The Declaration of the Rights of the Peoples of Russia (Russian: Деклара́ция прав наро́дов Росси́и, romanized: Deklaratsiya prav narodov Rossii) was a document promulgated by the Bolshevik government of Russia on 15 November 1917 (2 November in Julian calendar) and signed by Vladimir Lenin and Joseph Stalin.
Content
The document proclaimed:
Equality and sovereignty of peoples of Russia
Right of peoples of Russia of a free self-determination, including secession and formation of a separate state
Abolition of all national and religious privileges and restrictions
Free development of national minorities and ethnographical groups populating the territory of Russia.
The meaning of the Declaration is still disputed in Russian historiography. In 1917 the Bolshevist thinking was still largely idealistic, dominated by vague ideas of "universal happiness". Also, at that moment Bolsheviks believed that the World revolution was imminent, so they did not care much about loss of territories. However, in the Western literature, it is often argued that in fact Lenin and Stalin agreed to capture mostly the territories they had no sovereignty over since Russia had lost them to Central Powers in 1915 and 1916. Many historians suggest that the purpose of the document was to limit the public dissent after Russia lost most of its western areas to the advancing German Empire and try to complicate the matters behind the front lines.
The declaration was an attempt to rally some ethnic non-Russians behind the Bolsheviks. Latvian riflemen were important supporters of Bolsheviks in the early days of Russian Civil War and Latvian historians recognize the promise of sovereignty as an important reason for that. The anti-revolutionary White Russians did not support self-determination and, as a result, few Latvians fought on the side of the White movement. Intended or not, the declaration's provided right to secede was soon exercised by the nations in the western parts of the former Russian Empire, part of which had already been under German army's rather than Moscow's control. After the collapse of the Central Powers in late 1918, however, Soviet Russia began attempting to establish Soviet power in as many states as possible. In 1918, the Red Army launched a military campaign in the west, invading and occupying Belarus and then advancing against the three Baltic states. In January 1919 the Red Army invaded Ukraine and in July 1920 invaded Poland. In the south, the Red Army invaded the Azerbaijan Democratic Republic in April 1920, then invaded the Republic of Armenia in September, and finally invaded the Democratic Republic of Georgia in early 1921, even though Soviet Russia had nominally agreed to Georgia's independence in the Treaty of Moscow.

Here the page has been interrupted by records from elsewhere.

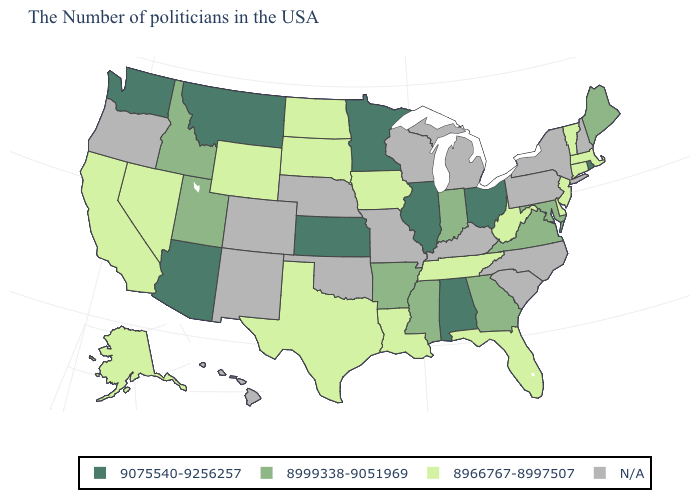Does Alabama have the highest value in the South?
Quick response, please. Yes. Name the states that have a value in the range 8999338-9051969?
Answer briefly. Maine, Maryland, Virginia, Georgia, Indiana, Mississippi, Arkansas, Utah, Idaho. What is the highest value in the USA?
Keep it brief. 9075540-9256257. Name the states that have a value in the range 9075540-9256257?
Concise answer only. Rhode Island, Ohio, Alabama, Illinois, Minnesota, Kansas, Montana, Arizona, Washington. What is the lowest value in the MidWest?
Be succinct. 8966767-8997507. Name the states that have a value in the range N/A?
Keep it brief. New Hampshire, New York, Pennsylvania, North Carolina, South Carolina, Michigan, Kentucky, Wisconsin, Missouri, Nebraska, Oklahoma, Colorado, New Mexico, Oregon, Hawaii. Name the states that have a value in the range 8999338-9051969?
Give a very brief answer. Maine, Maryland, Virginia, Georgia, Indiana, Mississippi, Arkansas, Utah, Idaho. Does the map have missing data?
Give a very brief answer. Yes. Name the states that have a value in the range N/A?
Write a very short answer. New Hampshire, New York, Pennsylvania, North Carolina, South Carolina, Michigan, Kentucky, Wisconsin, Missouri, Nebraska, Oklahoma, Colorado, New Mexico, Oregon, Hawaii. Which states have the lowest value in the South?
Keep it brief. Delaware, West Virginia, Florida, Tennessee, Louisiana, Texas. Name the states that have a value in the range 8999338-9051969?
Concise answer only. Maine, Maryland, Virginia, Georgia, Indiana, Mississippi, Arkansas, Utah, Idaho. Name the states that have a value in the range 8966767-8997507?
Write a very short answer. Massachusetts, Vermont, Connecticut, New Jersey, Delaware, West Virginia, Florida, Tennessee, Louisiana, Iowa, Texas, South Dakota, North Dakota, Wyoming, Nevada, California, Alaska. Name the states that have a value in the range 8966767-8997507?
Concise answer only. Massachusetts, Vermont, Connecticut, New Jersey, Delaware, West Virginia, Florida, Tennessee, Louisiana, Iowa, Texas, South Dakota, North Dakota, Wyoming, Nevada, California, Alaska. Name the states that have a value in the range N/A?
Write a very short answer. New Hampshire, New York, Pennsylvania, North Carolina, South Carolina, Michigan, Kentucky, Wisconsin, Missouri, Nebraska, Oklahoma, Colorado, New Mexico, Oregon, Hawaii.

The following countries declared their independence soon after the Bolsheviks' declaration, establishing themselves as non-Communist states. Although the role the declaration played in their independence movements is doubtful, it eased Soviet Russia's recognition of their independence. Except for Finland, all of these areas were outside of Russian sovereignty following the Austro-German successes in the World War I and were officially ceded in the Treaty of Brest-Litovsk.
Bolsheviks never formally rejected the idea of self-determination, but the Soviet Constitutions (of 1924, 1936 and 1977) limited the right of secession to the constituent republics only.